The problem with such assessments is that they propose a disproportionately expensive and uncertain remedy to changes that present, overall, a fairly small increase in Australia’s absolute risk. This is because, firstly, Trump’s security implications remain theoretical and there are a range of conceptual and practical issues which make worst-case outcomes unlikely. Secondly, should the worst be realised, the level of danger to Australia directly or our trading interests will remain low due to our strategic geography – even with no additional spending. Lastly, it is unclear how much more military investment would be needed to substantially reduce any risk, noting that doing so would transfer it, via different avenues, to Australians today.

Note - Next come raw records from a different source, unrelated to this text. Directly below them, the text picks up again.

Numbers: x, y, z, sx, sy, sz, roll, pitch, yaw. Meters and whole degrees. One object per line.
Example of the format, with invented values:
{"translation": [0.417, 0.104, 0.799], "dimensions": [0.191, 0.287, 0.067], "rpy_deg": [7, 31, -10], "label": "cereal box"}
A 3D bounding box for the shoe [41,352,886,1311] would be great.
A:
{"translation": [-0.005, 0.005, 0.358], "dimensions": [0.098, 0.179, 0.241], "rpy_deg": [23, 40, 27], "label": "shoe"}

Regarding a direct threat to Australia, every Defence White Paper for the past 25 years has noted this as the least likely danger, and not because of America but due to our geography. We have open ocean to the West, Antarctica to the South, New Zealand to the East, and a friendly Indonesia to the North. Beyond this, the nearest major potential adversary is 3000km away with no clear cause for aggression. And should all this fail, we have a competent first-world military (one of only two in the near region) with access to weapons from around the globe. In short, we remain one of the most geographically fortunate countries on the planet, which even President Trump cannot change.

But surely our vital trading interests would be affected by any ‘regional instability’ that erupts between the many nations to our North? It is true that many of the most direct routes to Australia do indeed go through the heart of contested Asian territories including the South China Sea, as shown on this map of ship movements.

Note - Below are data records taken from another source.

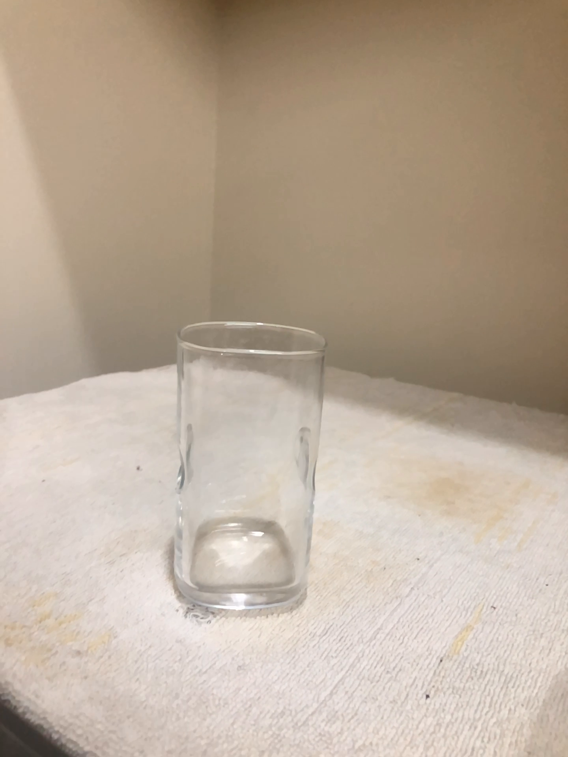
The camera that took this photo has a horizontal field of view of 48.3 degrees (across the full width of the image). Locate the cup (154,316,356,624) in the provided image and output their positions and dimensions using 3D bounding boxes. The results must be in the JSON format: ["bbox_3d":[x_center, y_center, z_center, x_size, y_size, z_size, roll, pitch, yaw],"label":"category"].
[{"bbox_3d":[-0.016,0.034,0.271,0.070,0.110,0.070,4,13,-1],"label":"cup"}]
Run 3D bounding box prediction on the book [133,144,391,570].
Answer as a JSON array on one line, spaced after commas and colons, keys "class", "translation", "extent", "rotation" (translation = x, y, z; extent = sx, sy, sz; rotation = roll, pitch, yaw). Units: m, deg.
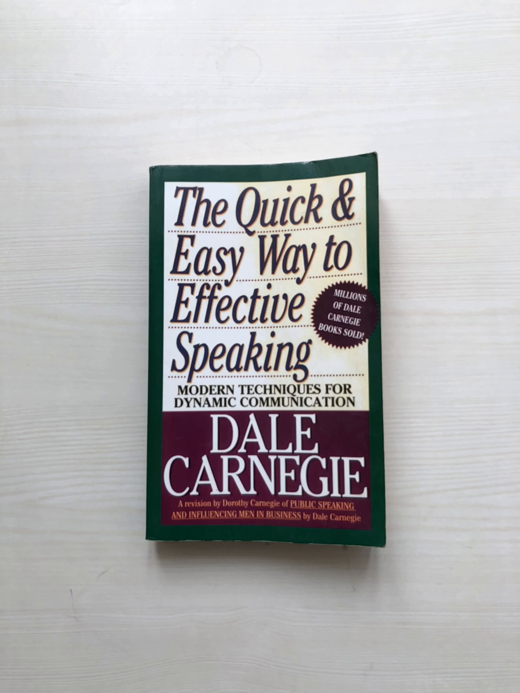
[{"class": "book", "translation": [0.003, 0.004, 0.273], "extent": [0.110, 0.040, 0.180], "rotation": [0, 86, 7]}]
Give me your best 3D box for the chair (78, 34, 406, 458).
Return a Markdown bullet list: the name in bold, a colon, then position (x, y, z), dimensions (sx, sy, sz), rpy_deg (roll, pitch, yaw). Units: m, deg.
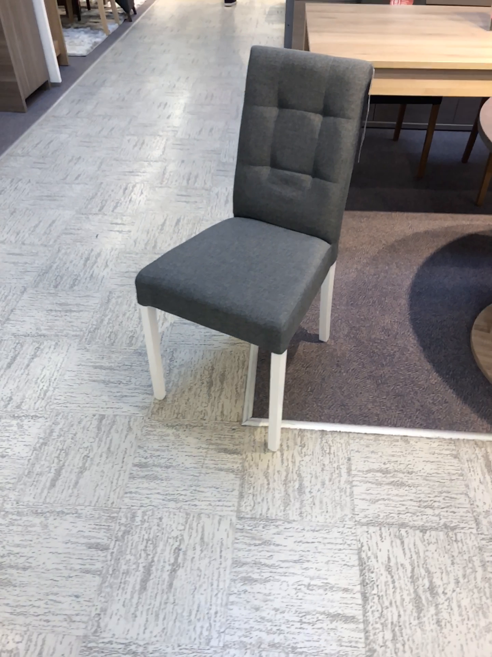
- **chair**: position (0.025, -0.221, 1.400), dimensions (0.460, 0.825, 0.584), rpy_deg (21, 45, 23)
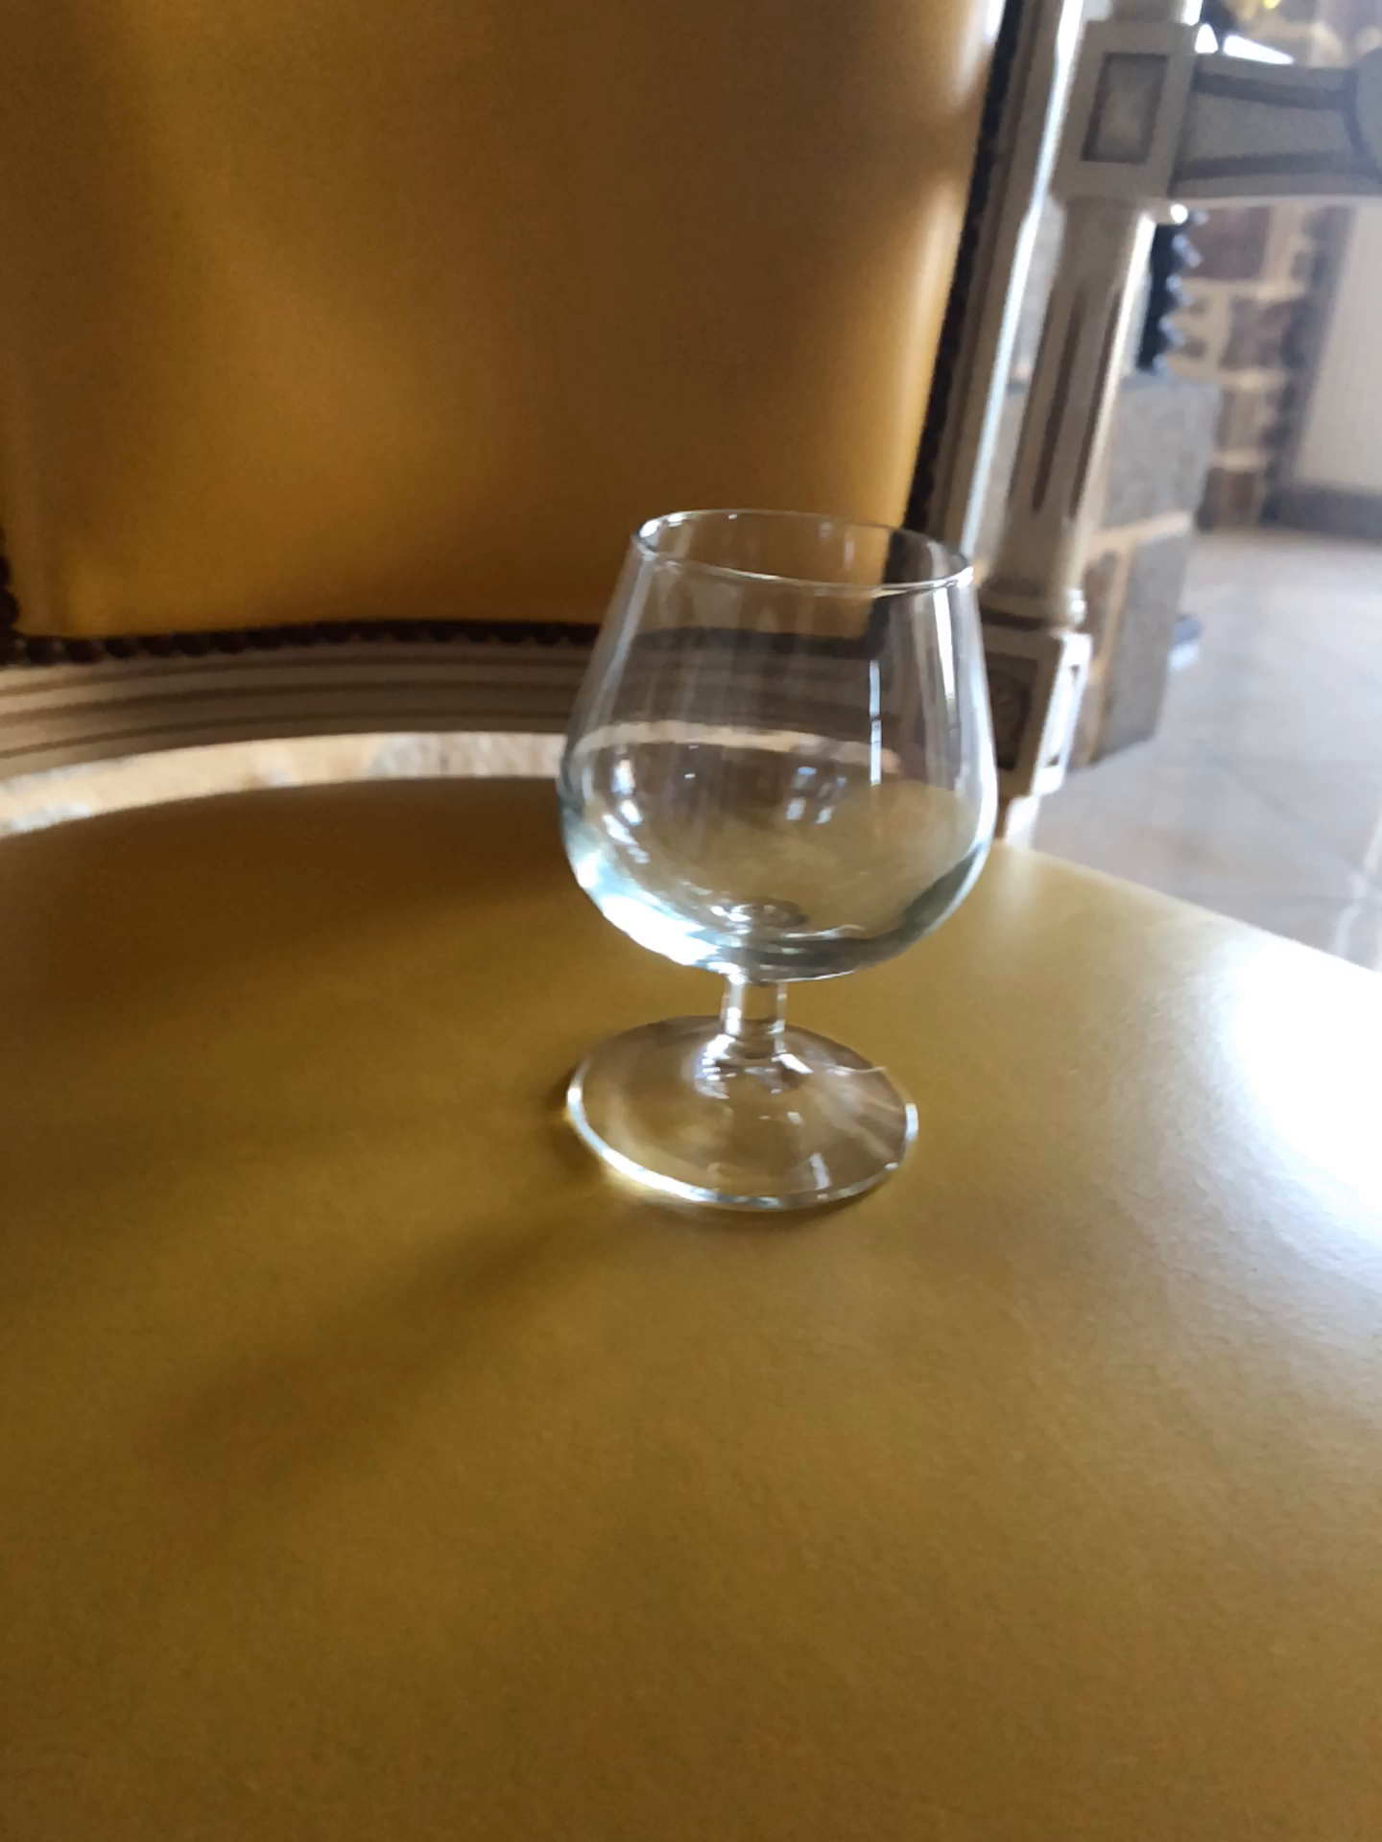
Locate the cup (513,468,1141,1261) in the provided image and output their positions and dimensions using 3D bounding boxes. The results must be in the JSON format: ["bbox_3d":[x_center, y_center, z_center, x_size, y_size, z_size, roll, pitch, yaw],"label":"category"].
[{"bbox_3d":[0.016,-0.014,0.231,0.070,0.090,0.080,5,23,2],"label":"cup"}]

However, the same map shows the ocean to be rather large. Should a tumult disrupt the shortest trade routes, much traffic could simply take a longer way around. While this would be more expensive (ships’ increased fuel and insurance costs would doubtless be transferred to Australian consumers), it is unclear why this would be unaffordable, or should have an extended duration.

It’s also unclear what level of spending above that planned in White Paper 2016 ($195 billion from 2016-2026) would deliver sufficient force to substantially affect a regional conflict. For scale, the Future Submarine project will cost $50 billion (at least) and deliver 12 submarines by the 2050’s. China’s Navy has between 60-to-70 submarines now and may have up to 90 by 2020. It also has 300 surface craft and is building new vessels at around 60 per year. If we instead spent $100 billion for 24 submarines, would this cause Beijing to think twice?

And while we might choose to invest more on defence to mitigate the uncertain dangers of this unrealised future, every dollar can only be spent once. Doing so transfers risks directly and certainly to Australians here and now through less funding for things like education, science, and healthcare. So, where would the public gain more value?

Which brings us to ‘What is to be done?’ While many state as fact the need for more defence investment, Douglas Adams’ advice is best: Don’t Panic. Our region only may get worse; should it, we will remain exceptionally well insulated; and it is very uncertain how much more investment is needed to materially improve our security, with alternative uses for the money potentially providing more benefit anyway. And while more spending may be an appropriate course of action, it needs to be fairly debated rather presented as a fait accompli. The national interest deserves no less.